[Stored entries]
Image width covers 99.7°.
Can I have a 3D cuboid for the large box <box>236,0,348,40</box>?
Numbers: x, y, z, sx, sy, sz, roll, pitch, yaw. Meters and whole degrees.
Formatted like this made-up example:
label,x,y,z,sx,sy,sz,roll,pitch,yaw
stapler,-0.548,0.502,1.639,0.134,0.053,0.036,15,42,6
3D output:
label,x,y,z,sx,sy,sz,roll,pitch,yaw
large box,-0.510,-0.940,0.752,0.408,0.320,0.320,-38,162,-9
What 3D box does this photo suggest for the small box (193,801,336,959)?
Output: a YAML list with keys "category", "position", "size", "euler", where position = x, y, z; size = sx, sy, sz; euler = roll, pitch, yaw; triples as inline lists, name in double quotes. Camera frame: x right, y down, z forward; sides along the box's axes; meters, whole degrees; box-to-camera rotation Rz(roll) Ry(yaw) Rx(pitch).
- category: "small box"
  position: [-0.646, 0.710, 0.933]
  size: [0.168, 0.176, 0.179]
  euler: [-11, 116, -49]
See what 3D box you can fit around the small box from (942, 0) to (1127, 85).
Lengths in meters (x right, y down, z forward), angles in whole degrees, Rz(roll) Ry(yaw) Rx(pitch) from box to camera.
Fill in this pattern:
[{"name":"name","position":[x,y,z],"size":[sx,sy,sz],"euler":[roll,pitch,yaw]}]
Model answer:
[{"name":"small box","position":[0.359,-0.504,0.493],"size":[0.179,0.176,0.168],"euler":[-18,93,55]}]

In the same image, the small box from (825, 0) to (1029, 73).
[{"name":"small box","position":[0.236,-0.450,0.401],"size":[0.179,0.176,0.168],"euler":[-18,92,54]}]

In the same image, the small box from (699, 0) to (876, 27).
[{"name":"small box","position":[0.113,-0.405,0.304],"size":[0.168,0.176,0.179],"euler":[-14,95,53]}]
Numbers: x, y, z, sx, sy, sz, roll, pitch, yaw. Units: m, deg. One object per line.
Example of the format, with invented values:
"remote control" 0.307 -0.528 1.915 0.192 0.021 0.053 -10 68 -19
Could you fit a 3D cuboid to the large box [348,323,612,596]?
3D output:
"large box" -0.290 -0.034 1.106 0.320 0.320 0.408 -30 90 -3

**Task requirements**
The lines to copy are those in the records above containing the word "Numbers".

**Answer to this problem**
Numbers: x, y, z, sx, sy, sz, roll, pitch, yaw. Meters and whole degrees.
Numbers: x, y, z, sx, sy, sz, roll, pitch, yaw. Units: m, deg. One object per line.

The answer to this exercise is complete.